Di sisi lain, integrasi sistem operasional memungkinkan perusahaan menyusun layanan yang lebih terhubung antarsektor. Dari sisi industri, model ini menjadi contoh bahwa digitalisasi bukan hanya soal pemasaran, tetapi juga soal kontrol layanan dan keandalan eksekusi.
Momentum kemerdekaan dan penguatan layanan ibadah
Pada Agustus 2026, Esra Wisata juga menyiapkan program Umrah dan Tabligh Akbar bersama Ustaz Abdul Somad. Program itu tidak hanya diarahkan sebagai perjalanan ibadah, tetapi juga sebagai ruang pembinaan rohani bagi jemaah sebelum dan selama menjalankan rangkaian ibadah.
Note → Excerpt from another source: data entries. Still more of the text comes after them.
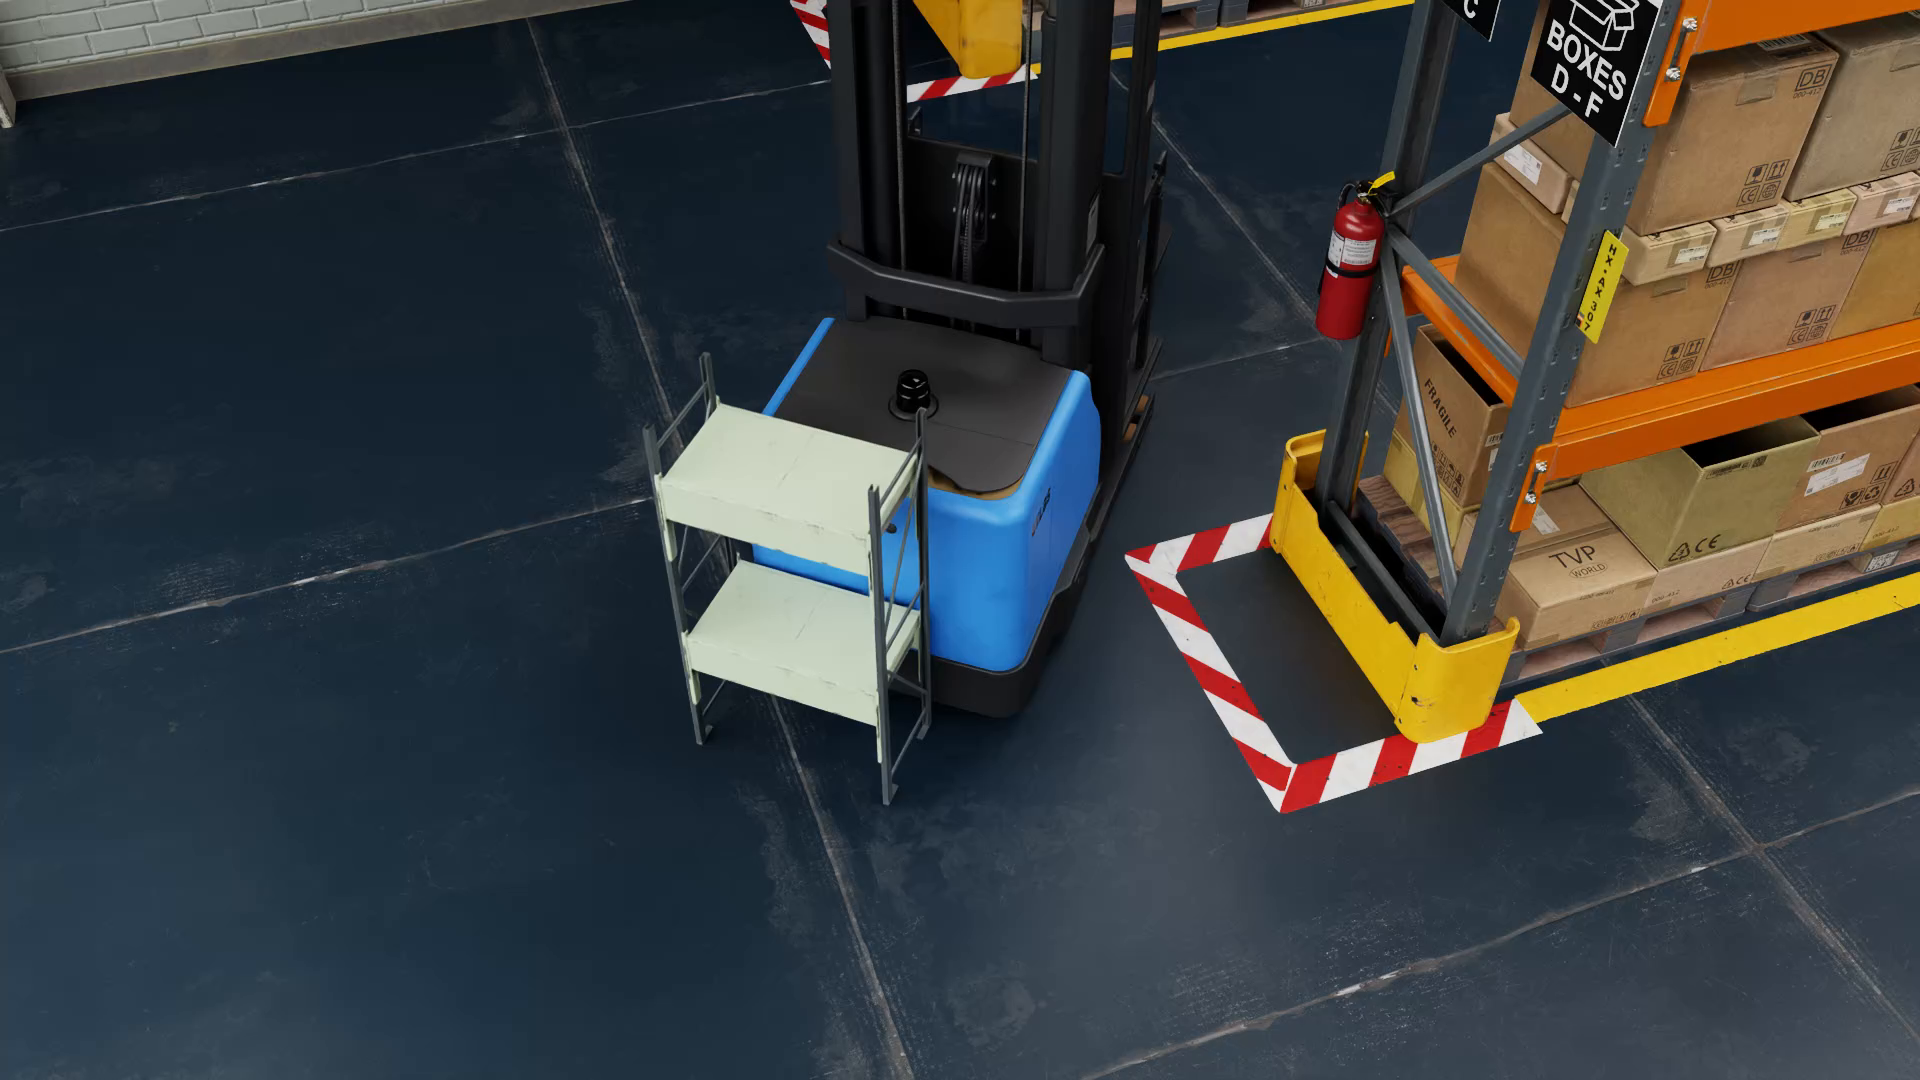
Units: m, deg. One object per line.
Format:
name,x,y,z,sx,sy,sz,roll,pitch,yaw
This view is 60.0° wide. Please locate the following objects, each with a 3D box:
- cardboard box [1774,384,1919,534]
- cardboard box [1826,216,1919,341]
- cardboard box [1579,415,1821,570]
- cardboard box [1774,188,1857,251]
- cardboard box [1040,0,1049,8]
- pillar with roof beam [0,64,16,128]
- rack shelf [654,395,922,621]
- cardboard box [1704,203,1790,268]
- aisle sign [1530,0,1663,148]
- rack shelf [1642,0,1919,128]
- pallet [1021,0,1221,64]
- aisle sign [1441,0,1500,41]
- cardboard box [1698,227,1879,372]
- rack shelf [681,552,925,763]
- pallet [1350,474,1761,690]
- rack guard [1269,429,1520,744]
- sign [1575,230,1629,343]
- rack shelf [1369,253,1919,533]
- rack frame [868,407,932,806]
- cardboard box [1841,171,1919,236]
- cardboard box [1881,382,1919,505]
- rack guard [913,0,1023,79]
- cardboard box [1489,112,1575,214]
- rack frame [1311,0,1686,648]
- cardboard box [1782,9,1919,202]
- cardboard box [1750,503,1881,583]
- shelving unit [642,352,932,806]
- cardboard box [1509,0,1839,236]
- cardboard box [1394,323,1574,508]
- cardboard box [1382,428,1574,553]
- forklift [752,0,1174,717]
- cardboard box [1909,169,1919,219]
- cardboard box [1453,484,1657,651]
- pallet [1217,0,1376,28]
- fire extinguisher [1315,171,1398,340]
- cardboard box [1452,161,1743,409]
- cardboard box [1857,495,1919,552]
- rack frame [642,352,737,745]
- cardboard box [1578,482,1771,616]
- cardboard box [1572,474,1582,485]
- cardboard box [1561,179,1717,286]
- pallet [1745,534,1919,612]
cardboard box,3.134,-0.419,6.165,0.500,0.500,0.500,-14,47,-14
cardboard box,3.023,-1.130,5.688,0.500,0.500,0.700,-14,47,-14
cardboard box,2.668,-0.290,6.037,0.500,0.500,0.500,-14,47,-14
cardboard box,2.543,-1.085,5.185,0.250,0.149,0.380,-14,47,-14
cardboard box,0.614,-3.358,9.566,0.500,0.311,0.500,-19,48,-18
pillar with roof beam,-3.884,-2.596,2.984,0.400,9.000,9.100,-14,47,-14
rack shelf,-0.525,-0.108,5.245,0.720,0.370,0.431,15,47,15
cardboard box,2.308,-1.026,5.126,0.250,0.149,0.380,-15,47,-15
aisle sign,1.661,-1.443,4.235,0.004,0.787,0.394,-14,47,-14
rack shelf,3.500,-2.032,5.047,4.000,0.370,1.077,-14,47,-14
pallet,0.781,-3.251,9.841,1.213,0.211,1.003,-14,47,-14
aisle sign,1.457,-1.843,4.634,0.004,0.787,0.394,-14,47,-14
cardboard box,2.554,-1.014,5.572,0.500,0.500,0.700,-13,47,-13
rack shelf,-0.527,0.401,5.749,0.720,0.370,0.431,15,47,15
pallet,2.323,0.027,6.574,1.213,0.211,1.003,-14,47,-14
rack guard,1.596,0.143,6.255,0.348,0.500,1.175,-14,47,-14
sign,1.801,-0.708,4.671,0.005,0.325,0.100,-14,47,-14
rack shelf,3.500,-0.973,6.110,4.000,0.370,1.077,-14,47,-14
rack frame,-0.185,0.263,5.426,0.023,1.500,0.400,15,47,15
cardboard box,2.781,-1.144,5.244,0.250,0.149,0.380,-15,47,-14
cardboard box,3.610,-0.528,6.274,0.500,0.500,0.500,-14,47,-14
rack guard,0.004,-3.181,9.567,0.348,0.500,1.175,-14,47,-14
cardboard box,1.913,-1.229,5.328,0.250,0.149,0.380,-15,47,-15
rack frame,1.618,-0.746,5.375,0.127,3.000,1.000,-14,47,-14
cardboard box,2.604,-1.485,5.126,0.500,0.500,0.700,-15,47,-15
cardboard box,3.138,-0.147,6.423,0.500,0.250,0.500,-14,47,-14
shelving unit,-0.526,0.169,5.520,0.755,1.500,0.431,15,47,15
cardboard box,2.112,-1.355,4.997,0.500,0.500,0.700,-14,47,-14
cardboard box,2.022,-0.515,6.261,0.500,0.500,0.500,-14,47,-14
cardboard box,2.022,-0.249,6.525,0.500,0.250,0.500,-14,47,-14
forklift,0.205,-1.457,6.133,1.130,2.935,3.031,14,47,13
cardboard box,3.031,-1.210,5.310,0.250,0.149,0.380,-16,47,-15
cardboard box,2.198,0.096,6.181,0.500,0.250,0.500,-14,47,-14
pallet,1.926,-3.541,10.131,1.213,0.211,1.003,-14,47,-14
fire extinguisher,1.349,-0.999,5.683,0.183,0.674,0.296,-14,47,-14
cardboard box,2.062,-0.885,5.443,0.500,0.500,0.700,-14,47,-14
cardboard box,3.610,-0.264,6.540,0.500,0.250,0.500,-14,47,-14
rack frame,-0.867,0.075,5.614,0.023,1.500,0.400,15,47,15
cardboard box,2.667,-0.027,6.304,0.500,0.250,0.500,-14,47,-14
cardboard box,2.489,-0.377,6.653,0.500,0.250,0.500,-14,47,-14
cardboard box,2.061,-0.961,5.061,0.250,0.149,0.380,-15,47,-14
pallet,3.469,-0.264,6.864,1.213,0.211,1.003,-14,47,-14

Abdullah Yusuf mengatakan momentum kemerdekaan dimaknai sebagai refleksi diri dan penguatan iman. Ia menilai perjalanan ibadah juga dapat menjadi sarana spiritual untuk membawa doa bagi Indonesia agar menjadi negeri yang baik dan diberkahi.
Mengapa sistem digital terpadu jadi penting dalam layanan umrah
Dalam industri umrah, sistem digital terpadu memberi dampak langsung pada kecepatan layanan, validitas data, dan pengawasan operasional. Ketika jumlah calon jemaah terus bertambah, penyelenggara membutuhkan infrastruktur yang mampu menjaga alur layanan tetap konsisten di banyak lokasi sekaligus.
Berikut manfaat utama pendekatan digital terpadu dalam layanan perjalanan ibadah:
| Aspek | Dampak |
|---|---|
| Pendaftaran | Proses lebih cepat dan terdokumentasi |
| Informasi | Data resmi lebih mudah disebarkan |
| Pengawasan | Aktivitas operasional lebih mudah dipantau |
| Jaringan agen | Koordinasi lintas daerah lebih seragam |
| Kepatuhan regulasi | Risiko kesalahan administrasi lebih kecil |
Dengan pendekatan seperti itu, akses jemaah tidak hanya meluas secara geografis, tetapi juga lebih tertib secara administratif. Di tengah proyeksi jutaan jemaah Indonesia tiap tahun, sistem digital terpadu menjadi salah satu faktor yang menentukan apakah layanan ibadah bisa tumbuh cepat tanpa kehilangan kualitas dan kepastian layanan.